Linearized plasmid DNA bearing a protospacer adjacent to a PAM sequence was subjected to in vitro digestion by purified, recombinant, sgRNA-programmed NmeCas9 (upper panel) or SpyCas9 (lower panel). Where indicated at the top of each lane, Cas9 was pre-incubated with purified anti-CRISPR proteins as indicated with AcrE2 as a negative control. Molar equivalents of anti-CRISPR protein (relative to Cas9) are shown at the top of each lane, and mobilities of input and cleaved DNAs are denoted on the right. The NmeCas9 cleavage assays shown are representative of three independent replicates.

Figure 4. Type II-C Anti-CRISPRs Specifically Block Genome Editing by NmeCas9 in Human Cells

(A) Schematic representation of R-loop structures at a dual target site (DTS3) in the human genome that can be cleaved and edited by either SpyCas9 (top) or NmeCas9 (bottom). Guide sequences (purple), PAMs (boxed), and Cas9 cleavage sites (red line) are indicated. (B) T7E1 assays of NmeCas9 or SpyCas9 editing efficiencies at DTS3 upon transient transfection of human HEK293T cells. Constructs encoding anti-CRISPR proteins were co-transfected as indicated at the top of each lane. Mobilities of T7E1-digested (edited) and -undigested (unedited) bands are indicated to the right, and editing efficiencies (“% lesion”) are given at the bottom of each lane. These images are representative of at least seven replicates.
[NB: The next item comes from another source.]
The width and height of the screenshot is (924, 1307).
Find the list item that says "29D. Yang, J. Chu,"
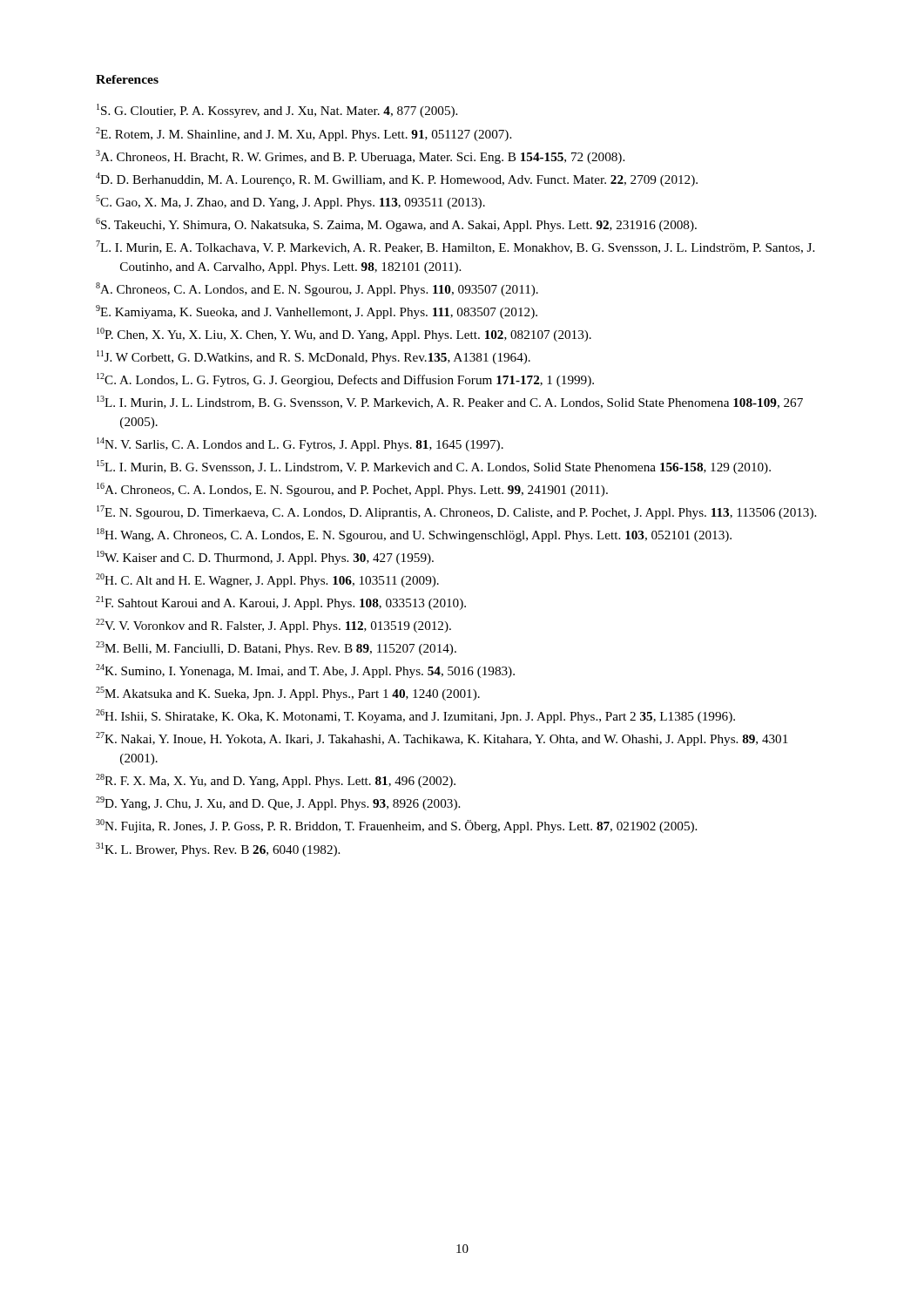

Figure 5. AcrIIC3_Nme Prevents DNA Binding by NmeCas9 in Human Cells

(A) Schematic representation of plasmids used for expression of dNmeCas9-(sfGFP)₃, dSpyCas9-(mCherry)₃, their respective telomeric sgRNAs, and anti-CRISPR protein. The plasmid encoding the anti-CRISPR protein is also marked with the blue fluorescent protein mTagBFP2. (B-F) Fluorescence images of U2OS cells transiently transfected with plasmids depicted in (A). The specific version of each plasmid set (with or without sgRNAs, with or without anti-CRISPRs) is given to the right of each row. First column: differential interference contrast (DIC) and mTagBFP2 imaging, merged. Second column: dNmeCas9-(sfGFP)₃. Third column: dSpyCas9-(mCherry)₃. Fourth column: dNmeCas9-(sfGFP)₃ and dSpyCas9-(mCherry)₃, merged. Scale bars, 5 μm. (G) Quantitation of dNmeCas9-(sfGFP)₃ telomeric foci, as judged by co-localization with dSpyCas9-(mCherry)₃ telomeric foci, in cells that express no anti-CRISPR, negative control anti-CRISPR (AcrE2), or AcrIIC3_Nme. Foci were scored blind, i.e. without the experimenter knowing the sample identities (see STAR Methods). n represents the number of cells that were scored in each condition.
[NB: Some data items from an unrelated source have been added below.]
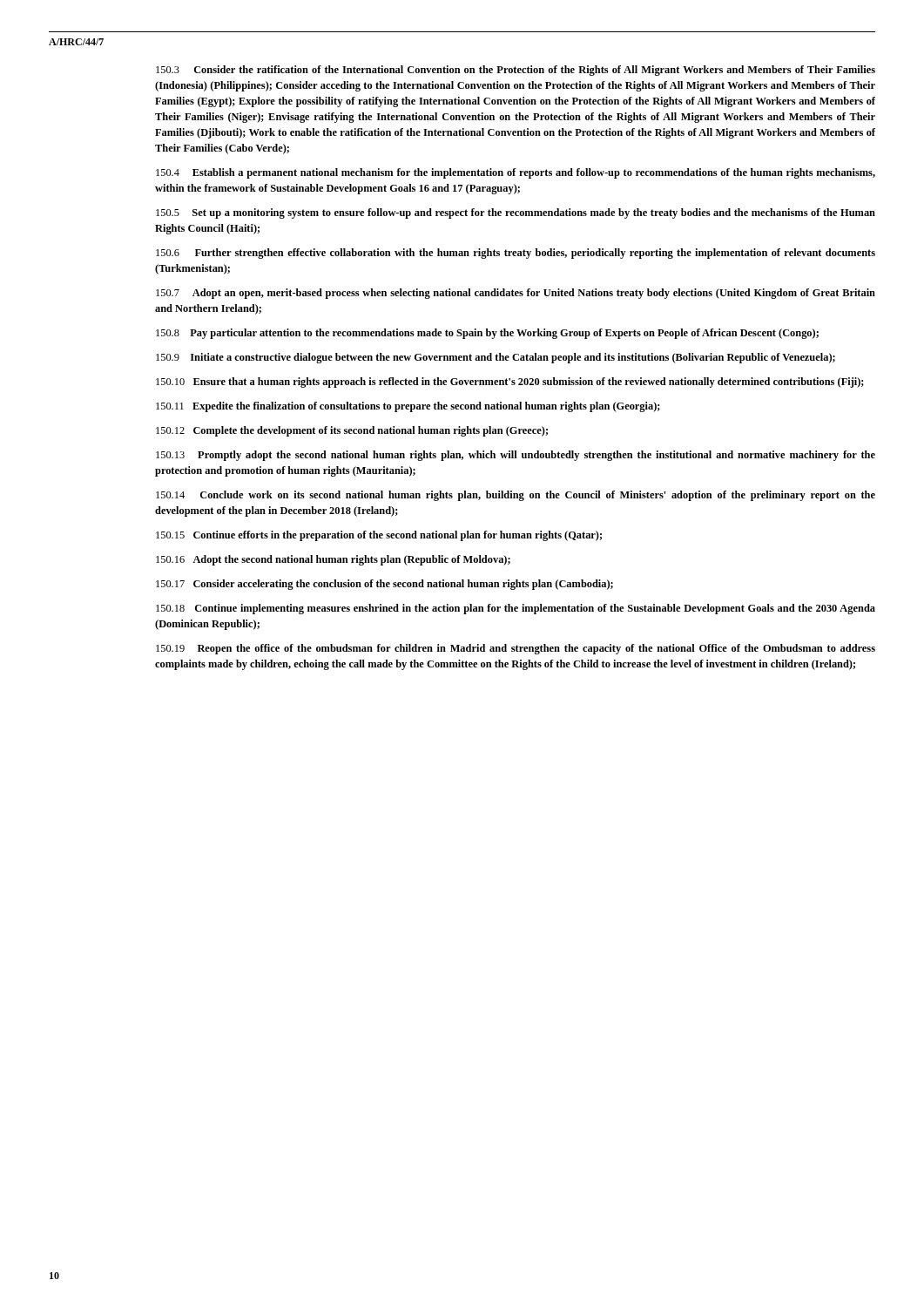This screenshot has width=924, height=1307.
Task: Find the text starting "150.3 Consider the ratification of the International"
Action: 515,109
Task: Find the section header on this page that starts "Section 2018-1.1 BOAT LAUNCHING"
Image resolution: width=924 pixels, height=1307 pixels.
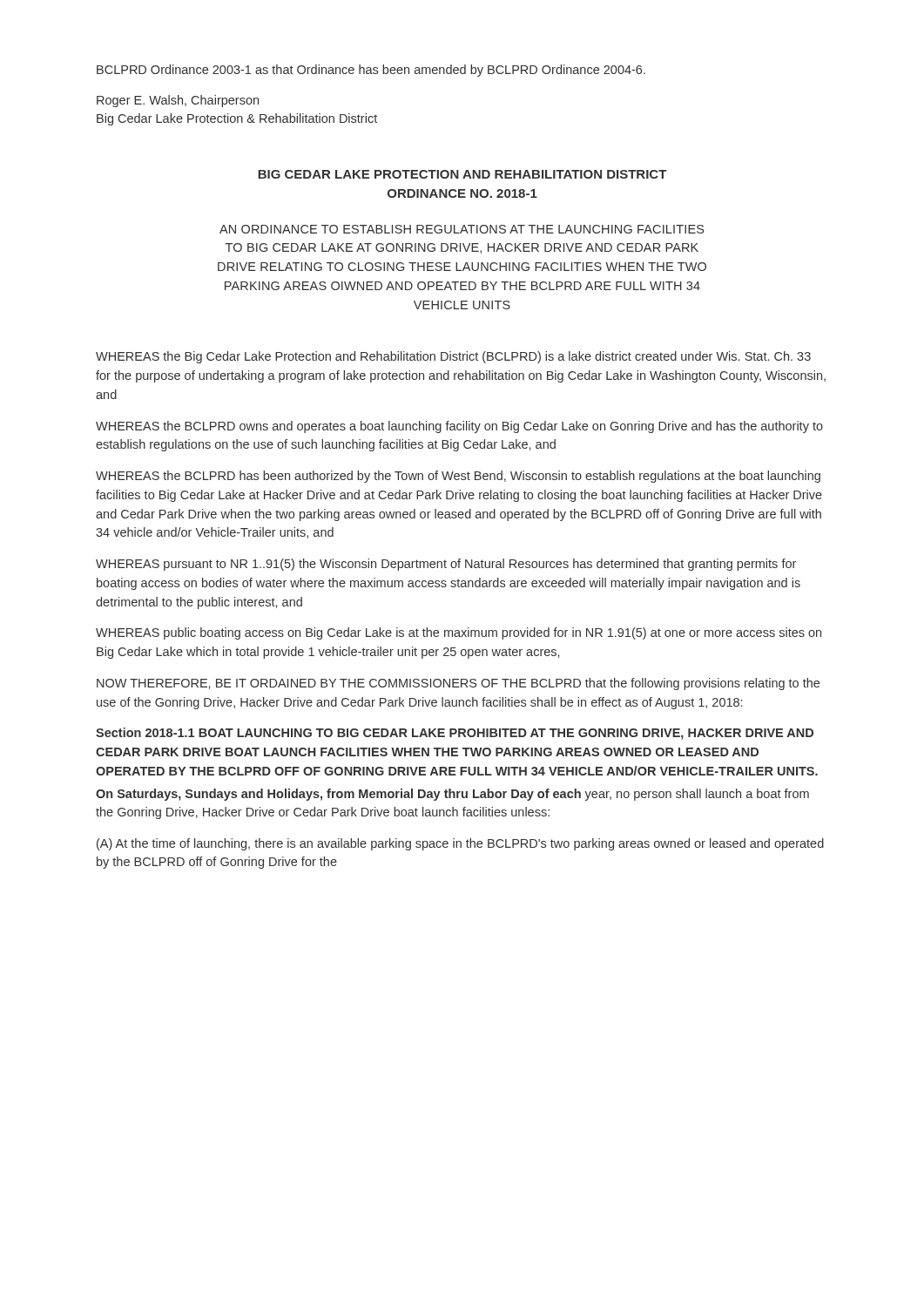Action: [x=457, y=752]

Figure 6. Anti-CRISPRs Likely Have a Broad Impact on Diverse CRISPR-Cas Systems

A maximum likelihood phylogenetic tree of representative Cas9 protein sequences. Each protein is classified based on the CRISPR locus in which it resides as type II-A (blue), type II-B (yellow), or type II-C (purple). Cas9 proteins belonging to any genus that has a type II-C anti-CRISPR putative ortholog are coloured in red. With the assumption that a given anti-CRISPR ortholog inhibits the CRISPR-Cas system in the species where it is found, this visualization provides an estimate of the breadth of activity encompassed by the anti-CRISPR families discovered here. The position of notable Cas9 orthologs on the tree are indicated by asterisks.